In dit artikel onderzoeken we de relatie tussen de omvang van de gemeente en de effectiviteit van participatie. Hierbij proberen we bepaalde mechanismen te ontdekken en daarmee te verklaren of er sprake is of kan zijn van effectieve checks & balances.
De rol van de cliëntenparticipatie
Allereerst gaan we terug naar de wettelijke basis voor de cliëntenparticipatie. Artikel 47 van de Wwb luidt:
De gemeenteraad stelt bij verordening regels over de wijze waarop de personen, bedoeld in artikel 7, eerste lid, of hun vertegenwoordigers worden betrokken bij de uitvoering van deze wet, waarbij in ieder geval wordt geregeld de wijze waarop:
a. periodiek overleg wordt gevoerd met deze personen of hun vertegenwoordigers;
b. deze personen of vertegenwoordigers onderwerpen voor de agenda van dit overleg kunnen aanmelden;
c. zij worden voorzien van de voor een adequate deelname aan het overleg benodigde informatie.
De wetgever heeft het dus aan de gemeente overgelaten hoe de cliëntenparticipatie wordt ingericht en hoe de deelnemers worden benoemd. Over het algemeen wordt ernaar gestreefd cliënten van de eigen sociale dienst in een cliëntenraad zitting te laten nemen.
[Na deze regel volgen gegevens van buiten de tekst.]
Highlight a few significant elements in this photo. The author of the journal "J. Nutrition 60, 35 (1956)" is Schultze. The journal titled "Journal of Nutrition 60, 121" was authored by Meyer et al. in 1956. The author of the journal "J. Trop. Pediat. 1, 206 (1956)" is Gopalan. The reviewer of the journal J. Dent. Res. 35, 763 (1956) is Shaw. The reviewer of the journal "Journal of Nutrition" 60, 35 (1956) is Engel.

Soms wordt een aantal benoemingen op voordracht van belangenorganisaties uitgevoerd. Meestal worden de leden van de cliëntenraad benoemd door het college van B&W of bij mandaat door de directeur sociale zaken. Verder worden in de verordening de verantwoordelijkheden en bevoegdheden van de cliëntenraad geregeld. In verreweg de meeste gevallen is de cliëntenraad bevoegd het college, de gemeenteraad of de dienst sociale zaken (gevraagd en ongevraagd) te adviseren met betrekking tot de uitvoering van Wwb en gemeentelijke regelingen op dit terrein.
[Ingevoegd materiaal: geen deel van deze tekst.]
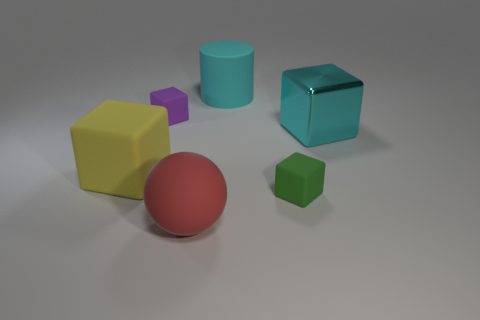Subtract all blue blocks. Subtract all purple spheres. How many blocks are left? 4 Add 3 cyan cylinders. How many objects exist? 9 Subtract all cylinders. How many objects are left? 5 Subtract all big spheres. Subtract all purple things. How many objects are left? 4 Add 3 cyan rubber cylinders. How many cyan rubber cylinders are left? 4 Add 5 shiny objects. How many shiny objects exist? 6 Subtract 1 purple cubes. How many objects are left? 5 
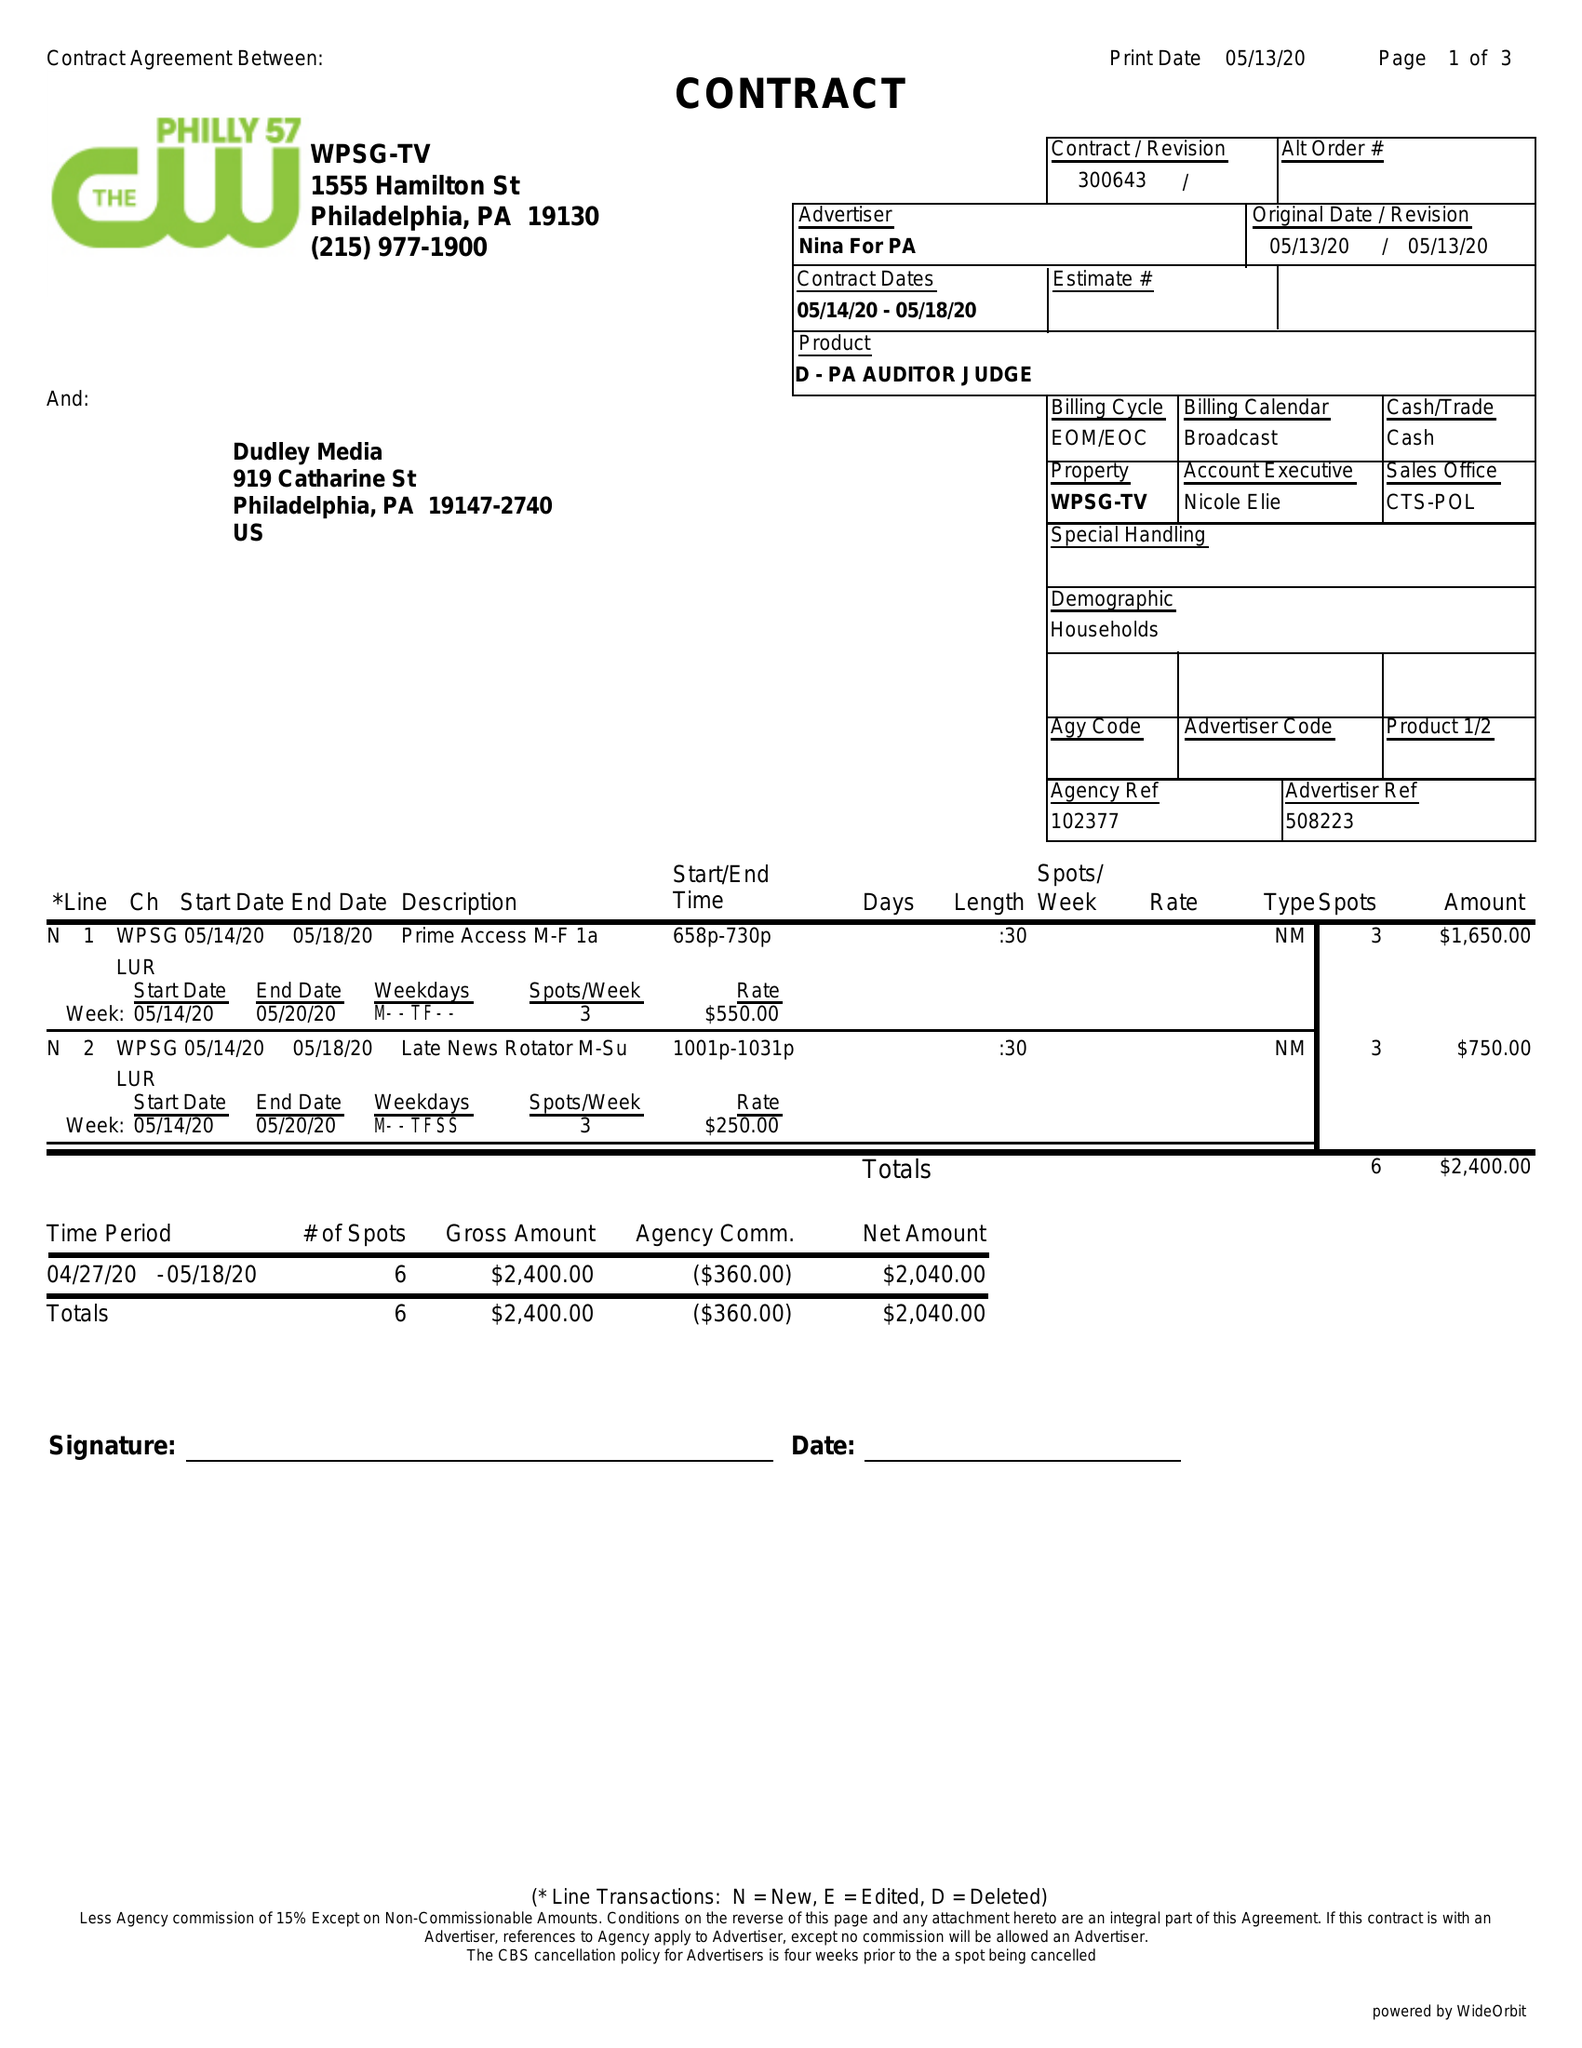What is the value for the contract_num?
Answer the question using a single word or phrase. 300643

Opvallend is dat lang niet alle regelingen een procedure bevatten voor als de directie, college en/of raad het advies niet overneemt. In regelingen waar dit wel aan de orde wordt gesteld, wordt meestal een bepaling opgenomen dat een afwijking van het advies schriftelijk moet worden gemotiveerd. In de meeste regelingen wordt verder aangegeven hoe het overleg tussen cliëntenraad en gemeente wordt vormgegeven en welk orgaan verantwoordelijk is voor het verstrekken van informatie aan de cliëntenraad. Daarnaast wordt de facilitering van de cliëntenraad geregeld, zoals:
- het secretariaat van het overleg (in de regel verzorgd door de dienst);
- eventuele facilitering van het overleg door een onafhankelijke voorzitter;
- een regeling voor vergoeding van gemaakte onkosten.
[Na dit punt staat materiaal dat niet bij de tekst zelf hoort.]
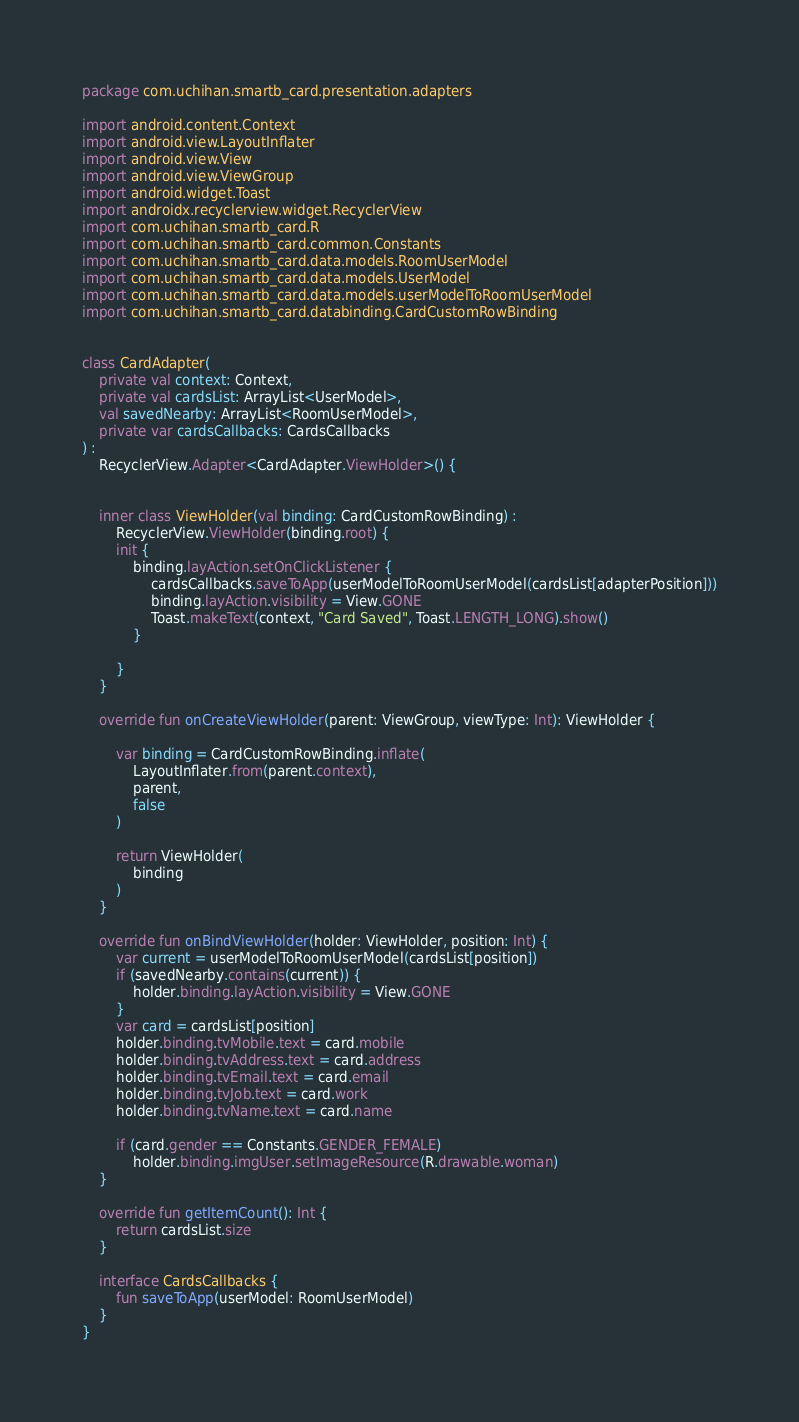<code> <loc_0><loc_0><loc_500><loc_500><_Kotlin_>package com.uchihan.smartb_card.presentation.adapters

import android.content.Context
import android.view.LayoutInflater
import android.view.View
import android.view.ViewGroup
import android.widget.Toast
import androidx.recyclerview.widget.RecyclerView
import com.uchihan.smartb_card.R
import com.uchihan.smartb_card.common.Constants
import com.uchihan.smartb_card.data.models.RoomUserModel
import com.uchihan.smartb_card.data.models.UserModel
import com.uchihan.smartb_card.data.models.userModelToRoomUserModel
import com.uchihan.smartb_card.databinding.CardCustomRowBinding


class CardAdapter(
    private val context: Context,
    private val cardsList: ArrayList<UserModel>,
    val savedNearby: ArrayList<RoomUserModel>,
    private var cardsCallbacks: CardsCallbacks
) :
    RecyclerView.Adapter<CardAdapter.ViewHolder>() {


    inner class ViewHolder(val binding: CardCustomRowBinding) :
        RecyclerView.ViewHolder(binding.root) {
        init {
            binding.layAction.setOnClickListener {
                cardsCallbacks.saveToApp(userModelToRoomUserModel(cardsList[adapterPosition]))
                binding.layAction.visibility = View.GONE
                Toast.makeText(context, "Card Saved", Toast.LENGTH_LONG).show()
            }

        }
    }

    override fun onCreateViewHolder(parent: ViewGroup, viewType: Int): ViewHolder {

        var binding = CardCustomRowBinding.inflate(
            LayoutInflater.from(parent.context),
            parent,
            false
        )

        return ViewHolder(
            binding
        )
    }

    override fun onBindViewHolder(holder: ViewHolder, position: Int) {
        var current = userModelToRoomUserModel(cardsList[position])
        if (savedNearby.contains(current)) {
            holder.binding.layAction.visibility = View.GONE
        }
        var card = cardsList[position]
        holder.binding.tvMobile.text = card.mobile
        holder.binding.tvAddress.text = card.address
        holder.binding.tvEmail.text = card.email
        holder.binding.tvJob.text = card.work
        holder.binding.tvName.text = card.name

        if (card.gender == Constants.GENDER_FEMALE)
            holder.binding.imgUser.setImageResource(R.drawable.woman)
    }

    override fun getItemCount(): Int {
        return cardsList.size
    }

    interface CardsCallbacks {
        fun saveToApp(userModel: RoomUserModel)
    }
}</code>

Succesfactoren voor cliëntenparticipatie
Er zijn al diverse onderzoeken gedaan naar de manier waarop cliëntenparticipatie wordt ingevuld. Een aantal good practices is verwoord in diverse handreikingen en stukken.3, 4, 5
Twee belangrijke elementen of succesfactoren komen hieruit naar voren. Het eerste element is dat gemeente en cliëntenraad elkaar serieus nemen en ook echt naar elkaar willen luisteren. Voor de gemeente houdt dit in dat de betrokkenheid van de cliëntenraad in de besluitvorming wordt ingepland en vooral dat de cliëntenraad tijdig wordt voorzien van de benodigde informatie. Een goed voorbeeld is de gemeente Leiden. Deze heeft bijvoorbeeld de bevoegdheden en verantwoordelijkheden concreet benoemd en ingevuld. In de verordening van deze gemeente wordt geregeld dat binnen de dienst Sociale Zaken één medewerker als vast aanspreekpunt voor de cliëntenraad fungeert.6
De tweede succesfactor is dat de cliëntenraad over voldoende inzet en deskundigheid beschikt. Daarnaast speelt ook de continuïteit van het lidmaatschap een rol: het kost immers tijd om kennis op te bouwen over de materie en de spelers in het proces te leren kennen.
Omvang en participatie
We zijn nu aangekomen bij de kern van dit artikel, waarin we het verband onderzoeken tussen de grootte van de gemeente en de mate waarin cliëntenparticipatie effectief kan worden uitgeoefend.
Als tegenhanger van de hiervoor besproken succesfactoren, onderscheiden we daarom twee risico’s die te maken hebben met participatie door middel van een cliëntenraad: het risico van ontduiking van collectieve verantwoordelijkheden en het risico van beperkte vertegenwoordiging. We zullen een verband leggen tussen de omvang van een gemeente en de kans op het optreden van een van beide risicofactoren.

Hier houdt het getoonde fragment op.